Il falò, per tradizione, fa parte dei riti silvestri pagani, che attraverso il rituale di purificazione e di consacrazione, volevano celebrare l'arrivo della primavera e invocare una buona annata per la raccolta nei campi. Su questa tradizione si è successivamente innestata la ricorrenza religiosa di San Giuseppe, fissata dal calendario della liturgia cristiana il 19 marzo. La chiesa, riappropriandosi del rito molto diffuso nelle comunità arcaiche, decise di festeggiare San Giuseppe, padre del Cristo Redentore. Cosi, secondo la tradizione, San Giuseppe, oltre ad essere il patrono dei falegnami e degli artigiani, è anche il protettore dei poveri, perché a Giuseppe e Maria partoriente, da poveri in fuga fu negato un riparo.
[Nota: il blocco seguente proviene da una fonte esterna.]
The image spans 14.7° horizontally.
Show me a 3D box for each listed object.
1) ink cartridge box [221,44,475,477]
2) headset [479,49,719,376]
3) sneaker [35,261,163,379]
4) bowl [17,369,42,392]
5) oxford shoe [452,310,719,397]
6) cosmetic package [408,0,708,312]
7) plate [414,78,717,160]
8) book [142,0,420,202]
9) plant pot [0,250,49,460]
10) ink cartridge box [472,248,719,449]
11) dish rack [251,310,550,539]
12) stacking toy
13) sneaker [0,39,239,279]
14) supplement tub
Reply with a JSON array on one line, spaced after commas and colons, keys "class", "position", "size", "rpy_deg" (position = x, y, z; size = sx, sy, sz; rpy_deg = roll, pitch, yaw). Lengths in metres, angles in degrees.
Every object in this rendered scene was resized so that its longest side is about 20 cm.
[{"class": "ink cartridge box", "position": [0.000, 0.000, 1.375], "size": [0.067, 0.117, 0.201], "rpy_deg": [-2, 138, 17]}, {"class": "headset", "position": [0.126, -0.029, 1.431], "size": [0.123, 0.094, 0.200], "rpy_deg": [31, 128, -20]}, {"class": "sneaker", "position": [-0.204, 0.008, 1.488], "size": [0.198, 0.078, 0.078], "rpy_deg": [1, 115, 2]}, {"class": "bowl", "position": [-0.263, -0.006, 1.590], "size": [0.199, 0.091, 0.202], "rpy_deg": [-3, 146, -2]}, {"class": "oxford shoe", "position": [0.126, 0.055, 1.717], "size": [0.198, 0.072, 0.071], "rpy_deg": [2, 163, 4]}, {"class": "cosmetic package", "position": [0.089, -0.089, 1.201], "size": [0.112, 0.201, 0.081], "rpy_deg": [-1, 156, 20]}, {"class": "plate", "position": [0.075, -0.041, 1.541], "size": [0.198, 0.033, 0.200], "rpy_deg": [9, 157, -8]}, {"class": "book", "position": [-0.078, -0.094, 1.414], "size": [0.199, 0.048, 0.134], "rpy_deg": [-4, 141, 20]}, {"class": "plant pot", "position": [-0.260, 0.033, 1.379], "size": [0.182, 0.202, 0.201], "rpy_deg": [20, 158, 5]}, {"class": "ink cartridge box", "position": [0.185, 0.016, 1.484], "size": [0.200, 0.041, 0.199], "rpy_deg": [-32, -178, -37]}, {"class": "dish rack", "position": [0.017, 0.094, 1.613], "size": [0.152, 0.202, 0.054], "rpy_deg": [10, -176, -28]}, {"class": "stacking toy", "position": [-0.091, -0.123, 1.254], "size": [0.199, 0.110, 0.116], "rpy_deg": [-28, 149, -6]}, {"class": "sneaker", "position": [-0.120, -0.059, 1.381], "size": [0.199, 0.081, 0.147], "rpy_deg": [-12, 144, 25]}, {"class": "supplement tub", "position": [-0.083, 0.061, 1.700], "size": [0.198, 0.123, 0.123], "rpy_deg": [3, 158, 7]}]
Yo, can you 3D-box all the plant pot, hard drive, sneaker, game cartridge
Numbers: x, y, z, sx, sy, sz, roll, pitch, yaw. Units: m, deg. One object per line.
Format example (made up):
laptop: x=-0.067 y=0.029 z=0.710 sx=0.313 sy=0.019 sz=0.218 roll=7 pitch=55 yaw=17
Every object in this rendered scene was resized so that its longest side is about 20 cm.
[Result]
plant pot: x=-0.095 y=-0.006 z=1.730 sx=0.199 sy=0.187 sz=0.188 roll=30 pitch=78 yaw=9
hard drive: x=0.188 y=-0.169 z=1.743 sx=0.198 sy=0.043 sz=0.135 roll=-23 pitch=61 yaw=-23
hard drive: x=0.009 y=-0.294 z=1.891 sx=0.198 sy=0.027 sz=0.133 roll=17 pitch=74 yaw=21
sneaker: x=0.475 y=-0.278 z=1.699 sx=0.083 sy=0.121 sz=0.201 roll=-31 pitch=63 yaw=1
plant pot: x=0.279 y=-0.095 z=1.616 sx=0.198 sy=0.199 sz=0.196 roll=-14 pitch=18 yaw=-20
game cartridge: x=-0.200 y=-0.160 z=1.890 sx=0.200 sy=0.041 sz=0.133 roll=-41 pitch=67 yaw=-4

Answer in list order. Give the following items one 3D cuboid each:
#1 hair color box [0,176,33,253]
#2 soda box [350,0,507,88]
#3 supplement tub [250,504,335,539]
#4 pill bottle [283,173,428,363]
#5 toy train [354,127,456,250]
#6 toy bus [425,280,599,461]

Oltre al pane deposto sugli altari, benedetto e diviso in Chiesa e nelle case, elemento importante legato alla festa di San Giuseppe diventano i fuochi della purificazione, che simboleggiano la luce e il calore che accompagna e illumina la retta via da percorrere, in ricordo dell'evento biblico, della fuga della Sacra Famiglia da Erode.

Altre tradizioni attribuiscono l’origine di questi falò al fatto che San Giuseppe andasse casa per casa a Betlemme a chiedere un po’ di brace per riscaldare il Bambino Gesù. I falò e le tavole imbandite si ritrovano nei paesi devozionali, dove la festa è celebrata all’insegna degli elementi fondamentali del pellegrinaggio e dell’ospitalità; il padrone di casa serve i poveri seduti alla tavola benedetta in onore del banchetto di San Giuseppe.